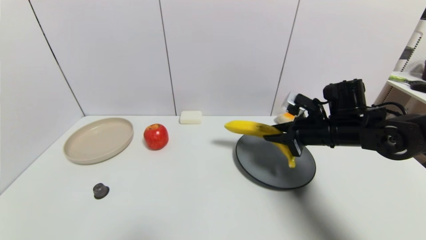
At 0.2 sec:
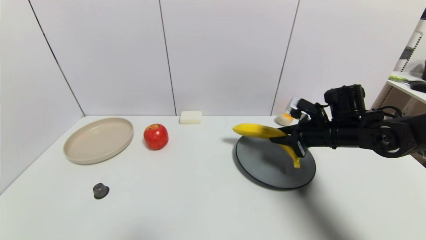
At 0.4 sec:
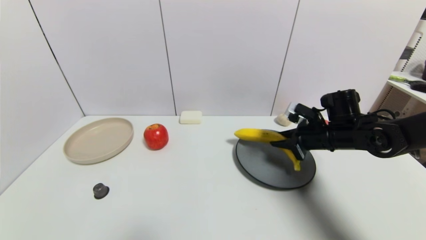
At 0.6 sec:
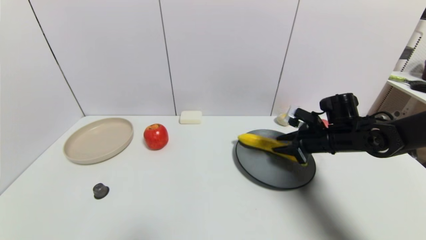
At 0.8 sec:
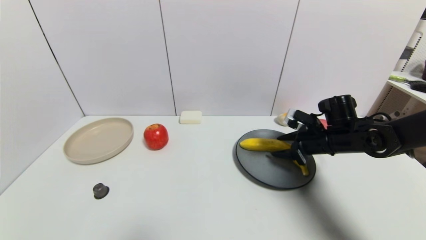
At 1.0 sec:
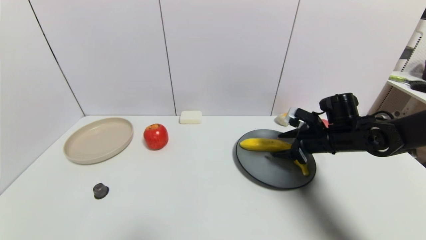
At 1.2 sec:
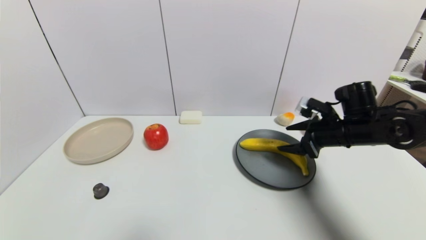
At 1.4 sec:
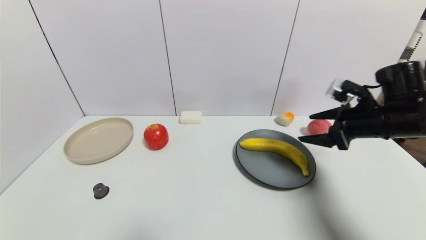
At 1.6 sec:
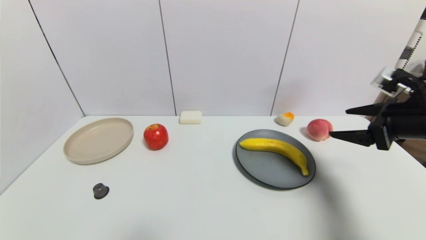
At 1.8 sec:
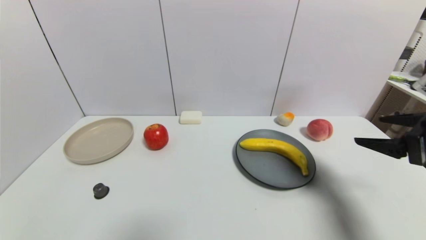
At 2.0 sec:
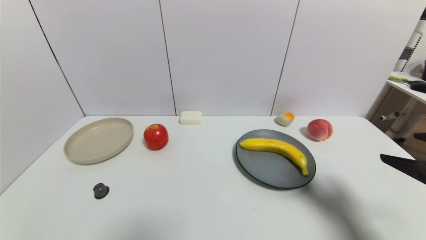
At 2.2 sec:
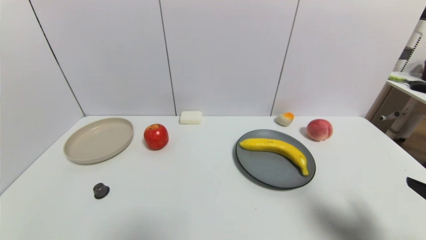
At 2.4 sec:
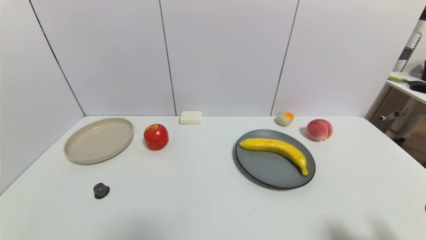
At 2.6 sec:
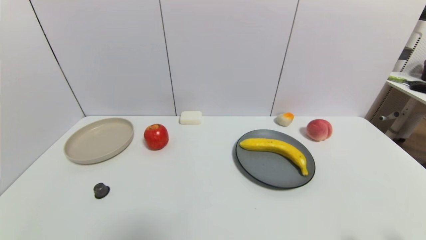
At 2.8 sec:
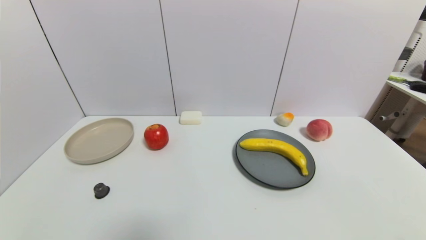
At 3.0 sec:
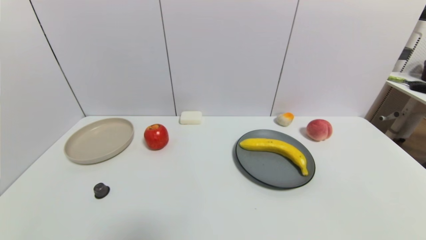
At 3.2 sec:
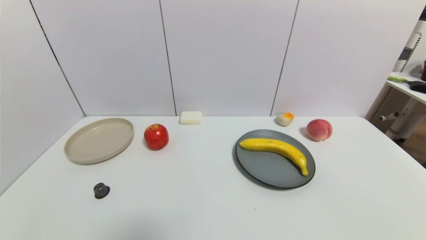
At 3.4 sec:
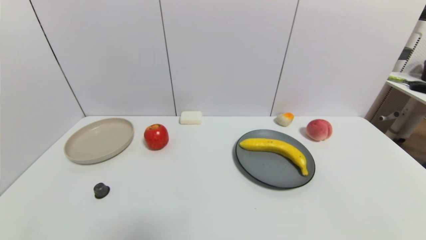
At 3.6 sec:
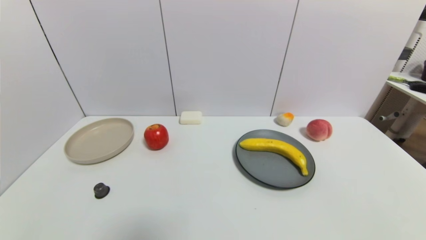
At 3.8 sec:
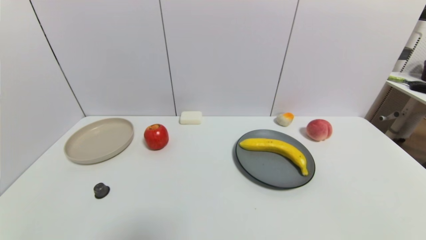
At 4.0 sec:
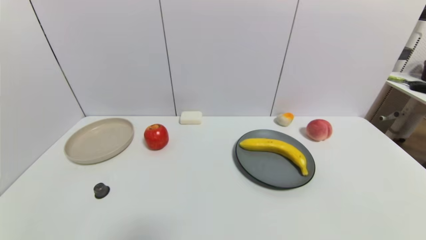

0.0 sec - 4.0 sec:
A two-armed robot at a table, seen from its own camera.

» **EXERCISE PROMPT**: Retype every entry above exactly, leaving out the pictures.

» **ANSWER BOX**:
At 0.2 sec:
At 0.4 sec:
At 0.6 sec:
At 0.8 sec:
At 1.0 sec:
At 1.2 sec:
At 1.4 sec:
At 1.6 sec:
At 1.8 sec:
At 2.0 sec:
At 2.2 sec:
At 2.4 sec:
At 2.6 sec:
At 2.8 sec:
At 3.0 sec:
At 3.2 sec:
At 3.4 sec:
At 3.6 sec:
At 3.8 sec:
At 4.0 sec:

0.0 sec - 4.0 sec:
A two-armed robot at a table, seen from its own camera.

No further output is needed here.